For Vatican, Human Person is the Measure of Sustainable Growth
BY Renato Martino
November 10-16, 1996 Issue | Posted 11/10/96 at 2:00 PM
Archbishop Renato Martino, apostolic nuncio and Permanent Observer of the Holy See to the United Nations addressed the Second Committee of the 51st Session of the General Assembly Oct. 23, on item 97: Environment and Sustainable Development. Excerpted.
… As in every discussion on development, the Holy See must testify to the centrality of the human person when considering issues of environment and development. This centrality is enshrined in the first principle of the Rio Declaration on Environment and Development which states: “Human beings are at the center of concerns for sustainable development. They are entitled to a healthy and productive life in harmony with nature.”

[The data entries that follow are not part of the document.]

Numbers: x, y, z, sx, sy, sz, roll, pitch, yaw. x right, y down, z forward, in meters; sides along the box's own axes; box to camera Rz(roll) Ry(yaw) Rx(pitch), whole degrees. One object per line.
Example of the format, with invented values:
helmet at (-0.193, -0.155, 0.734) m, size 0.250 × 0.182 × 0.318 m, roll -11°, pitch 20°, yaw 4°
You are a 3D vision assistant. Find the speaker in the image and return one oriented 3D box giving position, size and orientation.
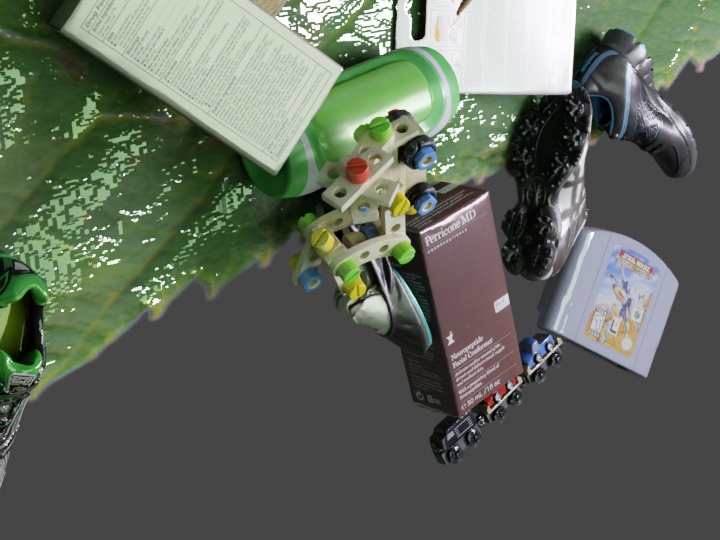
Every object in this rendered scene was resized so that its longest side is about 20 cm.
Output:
speaker at (-0.007, -0.131, 1.248) m, size 0.199 × 0.088 × 0.089 m, roll -27°, pitch 117°, yaw -34°

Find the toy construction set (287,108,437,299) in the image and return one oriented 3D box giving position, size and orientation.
toy construction set at (0.002, -0.057, 1.175) m, size 0.130 × 0.093 × 0.200 m, roll -29°, pitch 163°, yaw -16°

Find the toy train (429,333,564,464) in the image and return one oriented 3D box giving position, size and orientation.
toy train at (0.142, 0.125, 1.483) m, size 0.200 × 0.034 × 0.046 m, roll -39°, pitch 111°, yaw -28°

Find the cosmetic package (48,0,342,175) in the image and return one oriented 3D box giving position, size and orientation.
cosmetic package at (-0.125, -0.171, 1.093) m, size 0.199 × 0.073 × 0.104 m, roll 34°, pitch 89°, yaw -23°

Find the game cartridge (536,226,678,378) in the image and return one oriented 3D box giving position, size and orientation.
game cartridge at (0.278, 0.030, 1.581) m, size 0.199 × 0.041 × 0.134 m, roll 24°, pitch 87°, yaw -43°

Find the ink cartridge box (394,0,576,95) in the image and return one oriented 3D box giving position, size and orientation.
ink cartridge box at (0.115, -0.251, 1.373) m, size 0.198 × 0.050 × 0.163 m, roll -3°, pitch 103°, yaw -23°

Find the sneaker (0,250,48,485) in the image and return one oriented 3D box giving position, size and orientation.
sneaker at (-0.278, 0.088, 1.054) m, size 0.078 × 0.085 × 0.202 m, roll 4°, pitch 98°, yaw -42°

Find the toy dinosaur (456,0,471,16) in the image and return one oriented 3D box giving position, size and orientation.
toy dinosaur at (0.108, -0.323, 1.308) m, size 0.105 × 0.060 × 0.202 m, roll -9°, pitch 81°, yaw -16°

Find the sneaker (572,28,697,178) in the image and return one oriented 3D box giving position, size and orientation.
sneaker at (0.291, -0.164, 1.535) m, size 0.082 × 0.073 × 0.200 m, roll -44°, pitch 122°, yaw -6°

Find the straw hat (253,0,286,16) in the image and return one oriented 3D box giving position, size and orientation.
straw hat at (-0.087, -0.279, 1.141) m, size 0.200 × 0.085 × 0.203 m, roll -12°, pitch 108°, yaw -41°

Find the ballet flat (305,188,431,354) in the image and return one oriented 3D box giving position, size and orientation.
ballet flat at (0.000, 0.000, 1.307) m, size 0.068 × 0.068 × 0.202 m, roll -30°, pitch 109°, yaw -22°

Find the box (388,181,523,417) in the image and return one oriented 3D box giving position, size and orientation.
box at (0.087, 0.027, 1.381) m, size 0.100 × 0.075 × 0.202 m, roll -31°, pitch 117°, yaw -33°

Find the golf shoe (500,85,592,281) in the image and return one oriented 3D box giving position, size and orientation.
golf shoe at (0.197, -0.088, 1.465) m, size 0.094 × 0.077 × 0.202 m, roll 15°, pitch 91°, yaw -60°

During his visit to the United Nations in October 1995, Pope John Paul II reminded us that, ‘The human person must be the true focus of all social, political and economic activity”(Address to the U.N. Staff Members, Oct. 5, 1995).

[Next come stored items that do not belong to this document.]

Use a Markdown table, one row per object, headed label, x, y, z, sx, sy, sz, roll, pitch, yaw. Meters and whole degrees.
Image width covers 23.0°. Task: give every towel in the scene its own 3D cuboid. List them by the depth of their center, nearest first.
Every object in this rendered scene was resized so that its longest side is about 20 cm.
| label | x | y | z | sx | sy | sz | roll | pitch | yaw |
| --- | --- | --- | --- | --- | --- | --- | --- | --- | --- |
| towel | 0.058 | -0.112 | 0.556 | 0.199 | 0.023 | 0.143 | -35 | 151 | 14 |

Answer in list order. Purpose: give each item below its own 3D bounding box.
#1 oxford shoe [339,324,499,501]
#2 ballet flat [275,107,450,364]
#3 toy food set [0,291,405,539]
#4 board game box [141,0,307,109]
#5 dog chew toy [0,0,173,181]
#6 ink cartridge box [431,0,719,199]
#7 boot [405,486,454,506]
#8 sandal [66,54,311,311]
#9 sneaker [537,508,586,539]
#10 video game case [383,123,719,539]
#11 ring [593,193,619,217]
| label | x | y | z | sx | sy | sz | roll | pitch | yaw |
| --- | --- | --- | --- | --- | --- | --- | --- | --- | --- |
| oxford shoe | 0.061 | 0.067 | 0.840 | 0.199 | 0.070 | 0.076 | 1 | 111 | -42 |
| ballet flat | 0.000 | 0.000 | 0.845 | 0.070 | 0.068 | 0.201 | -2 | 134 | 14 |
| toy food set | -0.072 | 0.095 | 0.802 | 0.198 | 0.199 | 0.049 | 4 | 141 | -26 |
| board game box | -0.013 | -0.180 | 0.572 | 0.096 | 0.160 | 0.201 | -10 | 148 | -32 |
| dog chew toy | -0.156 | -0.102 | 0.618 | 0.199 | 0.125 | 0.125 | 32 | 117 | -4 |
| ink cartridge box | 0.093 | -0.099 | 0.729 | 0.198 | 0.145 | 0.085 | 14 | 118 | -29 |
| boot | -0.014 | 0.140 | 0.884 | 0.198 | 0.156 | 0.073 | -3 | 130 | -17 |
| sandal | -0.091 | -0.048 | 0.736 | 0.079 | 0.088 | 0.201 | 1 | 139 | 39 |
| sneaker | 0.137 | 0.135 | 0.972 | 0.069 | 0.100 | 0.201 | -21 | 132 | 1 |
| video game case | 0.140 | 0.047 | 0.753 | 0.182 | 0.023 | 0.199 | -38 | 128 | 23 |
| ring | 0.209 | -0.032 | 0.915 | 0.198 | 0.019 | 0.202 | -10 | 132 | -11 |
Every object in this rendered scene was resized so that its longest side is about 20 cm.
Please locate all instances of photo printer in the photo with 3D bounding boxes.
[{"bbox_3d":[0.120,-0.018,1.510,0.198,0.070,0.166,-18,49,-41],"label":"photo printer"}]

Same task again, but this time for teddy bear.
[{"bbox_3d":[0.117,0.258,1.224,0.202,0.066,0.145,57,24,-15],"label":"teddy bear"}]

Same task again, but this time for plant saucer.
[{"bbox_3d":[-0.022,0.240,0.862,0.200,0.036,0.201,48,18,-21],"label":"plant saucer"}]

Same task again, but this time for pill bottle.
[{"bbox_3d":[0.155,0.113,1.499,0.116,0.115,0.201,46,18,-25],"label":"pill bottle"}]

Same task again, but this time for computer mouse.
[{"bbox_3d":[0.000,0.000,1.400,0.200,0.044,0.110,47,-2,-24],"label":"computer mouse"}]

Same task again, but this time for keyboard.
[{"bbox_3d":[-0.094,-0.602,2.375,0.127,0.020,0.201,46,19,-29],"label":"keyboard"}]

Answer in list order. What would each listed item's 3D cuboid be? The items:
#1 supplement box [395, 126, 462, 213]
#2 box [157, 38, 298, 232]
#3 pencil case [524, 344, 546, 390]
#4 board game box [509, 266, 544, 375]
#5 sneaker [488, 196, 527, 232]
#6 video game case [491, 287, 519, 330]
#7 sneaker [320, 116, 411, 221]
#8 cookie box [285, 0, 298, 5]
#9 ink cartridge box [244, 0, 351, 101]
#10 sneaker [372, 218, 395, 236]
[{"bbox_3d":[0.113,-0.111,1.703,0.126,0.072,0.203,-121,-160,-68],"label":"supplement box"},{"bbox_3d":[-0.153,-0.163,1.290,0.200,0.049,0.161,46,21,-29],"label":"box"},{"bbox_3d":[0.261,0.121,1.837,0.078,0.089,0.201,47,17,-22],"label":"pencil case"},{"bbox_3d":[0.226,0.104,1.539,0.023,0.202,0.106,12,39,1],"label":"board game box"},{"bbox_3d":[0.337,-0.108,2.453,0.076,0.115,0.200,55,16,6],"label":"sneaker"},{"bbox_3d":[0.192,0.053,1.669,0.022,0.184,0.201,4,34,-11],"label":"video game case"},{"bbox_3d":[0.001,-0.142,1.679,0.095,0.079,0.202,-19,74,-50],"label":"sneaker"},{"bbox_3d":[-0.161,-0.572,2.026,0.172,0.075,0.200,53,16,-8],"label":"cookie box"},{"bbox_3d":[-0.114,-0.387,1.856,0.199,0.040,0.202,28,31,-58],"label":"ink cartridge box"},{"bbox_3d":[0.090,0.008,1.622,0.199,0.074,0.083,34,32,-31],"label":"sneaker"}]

Human beings are the stewards of creation which—as Pope John Paul II stated—“is ultimately a common heritage, the fruits of which are for the benefit of all. In the words of the Second Vatican Council, ‘God destined the earth and all it contains for the use of every individual and all peoples' (Gaudium et Spes, 69)”(Message for the World Day of Peace, Jan. 1, 1990)….

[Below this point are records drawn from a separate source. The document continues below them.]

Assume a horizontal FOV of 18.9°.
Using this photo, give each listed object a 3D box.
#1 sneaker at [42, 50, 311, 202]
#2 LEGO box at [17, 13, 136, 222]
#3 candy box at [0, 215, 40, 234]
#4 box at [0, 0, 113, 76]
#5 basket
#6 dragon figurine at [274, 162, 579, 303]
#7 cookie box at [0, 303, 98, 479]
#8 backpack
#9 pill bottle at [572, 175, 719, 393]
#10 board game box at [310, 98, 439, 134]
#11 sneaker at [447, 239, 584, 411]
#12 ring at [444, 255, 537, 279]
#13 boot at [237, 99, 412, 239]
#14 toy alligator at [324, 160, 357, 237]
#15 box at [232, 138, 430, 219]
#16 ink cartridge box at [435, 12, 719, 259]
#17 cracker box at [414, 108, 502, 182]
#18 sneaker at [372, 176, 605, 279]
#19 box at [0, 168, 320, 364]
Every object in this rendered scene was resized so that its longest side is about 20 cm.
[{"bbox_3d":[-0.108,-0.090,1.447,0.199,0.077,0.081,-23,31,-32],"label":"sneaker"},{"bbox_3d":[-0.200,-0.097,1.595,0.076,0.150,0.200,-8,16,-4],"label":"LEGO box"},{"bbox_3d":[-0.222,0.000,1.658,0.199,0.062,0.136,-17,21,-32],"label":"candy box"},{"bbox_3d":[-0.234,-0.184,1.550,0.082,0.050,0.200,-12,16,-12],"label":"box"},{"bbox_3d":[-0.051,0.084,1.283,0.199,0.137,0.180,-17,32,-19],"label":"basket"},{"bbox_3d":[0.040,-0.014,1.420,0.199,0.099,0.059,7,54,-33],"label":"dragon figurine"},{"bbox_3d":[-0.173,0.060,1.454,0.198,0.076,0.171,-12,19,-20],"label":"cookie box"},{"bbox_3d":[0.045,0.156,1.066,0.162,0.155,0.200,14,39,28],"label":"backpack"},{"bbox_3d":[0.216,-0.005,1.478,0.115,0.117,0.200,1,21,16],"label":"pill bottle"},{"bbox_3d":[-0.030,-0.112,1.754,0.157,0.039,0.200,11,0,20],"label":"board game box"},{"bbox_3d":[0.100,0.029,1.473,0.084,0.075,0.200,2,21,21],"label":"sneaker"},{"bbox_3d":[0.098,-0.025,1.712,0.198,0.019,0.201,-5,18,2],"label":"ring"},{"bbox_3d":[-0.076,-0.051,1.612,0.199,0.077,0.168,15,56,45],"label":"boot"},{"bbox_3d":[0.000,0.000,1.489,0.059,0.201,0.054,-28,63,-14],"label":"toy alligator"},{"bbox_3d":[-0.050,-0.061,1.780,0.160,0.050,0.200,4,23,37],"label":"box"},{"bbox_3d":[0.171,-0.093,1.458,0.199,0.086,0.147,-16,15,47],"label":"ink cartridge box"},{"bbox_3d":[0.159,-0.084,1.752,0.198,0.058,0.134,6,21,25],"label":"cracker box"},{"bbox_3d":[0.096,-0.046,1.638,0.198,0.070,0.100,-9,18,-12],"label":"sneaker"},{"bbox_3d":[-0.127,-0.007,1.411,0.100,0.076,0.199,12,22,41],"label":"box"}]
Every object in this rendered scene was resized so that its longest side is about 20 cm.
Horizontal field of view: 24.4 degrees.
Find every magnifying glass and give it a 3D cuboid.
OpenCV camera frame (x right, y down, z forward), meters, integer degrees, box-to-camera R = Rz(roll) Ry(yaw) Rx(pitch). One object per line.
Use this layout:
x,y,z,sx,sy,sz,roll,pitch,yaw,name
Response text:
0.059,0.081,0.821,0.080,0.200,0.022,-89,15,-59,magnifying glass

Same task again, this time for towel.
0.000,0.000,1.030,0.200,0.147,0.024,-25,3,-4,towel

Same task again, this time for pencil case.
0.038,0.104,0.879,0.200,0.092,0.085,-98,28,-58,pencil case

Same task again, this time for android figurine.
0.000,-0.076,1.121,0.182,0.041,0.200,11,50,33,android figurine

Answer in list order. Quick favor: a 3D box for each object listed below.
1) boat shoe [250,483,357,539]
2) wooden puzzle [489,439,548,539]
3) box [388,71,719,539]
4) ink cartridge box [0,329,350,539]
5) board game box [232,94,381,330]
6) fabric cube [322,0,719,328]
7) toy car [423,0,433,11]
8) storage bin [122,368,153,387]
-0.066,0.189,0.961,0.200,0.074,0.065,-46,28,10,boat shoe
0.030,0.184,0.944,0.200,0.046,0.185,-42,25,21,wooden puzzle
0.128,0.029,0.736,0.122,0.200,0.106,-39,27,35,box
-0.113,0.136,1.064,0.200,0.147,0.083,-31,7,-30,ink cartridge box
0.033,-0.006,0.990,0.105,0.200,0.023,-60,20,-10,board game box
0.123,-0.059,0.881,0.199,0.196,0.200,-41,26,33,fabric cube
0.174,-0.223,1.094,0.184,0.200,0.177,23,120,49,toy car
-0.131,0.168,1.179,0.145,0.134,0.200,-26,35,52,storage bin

Unfortunately, as we prepare to enter the new millennium, … [t]he whole concept, the spirit behind development, especially in the poorest countries, seems to have become stale. As a result, the poorest of countries fall farther and farther behind.
True to its mission, the Holy See wishes to help the world community recognize the need to give due consideration to the ethical dimensions of problems affecting developing countries. In working out equitable access to resources, important issues of justice must be realized.
1) Developing countries, especially those least developed, must be empowered to take part in a globalized economy. Only through integration in the global economy, will developing nations be able to begin to catch-up to and compete with world markets and economies and provide a better life for their people.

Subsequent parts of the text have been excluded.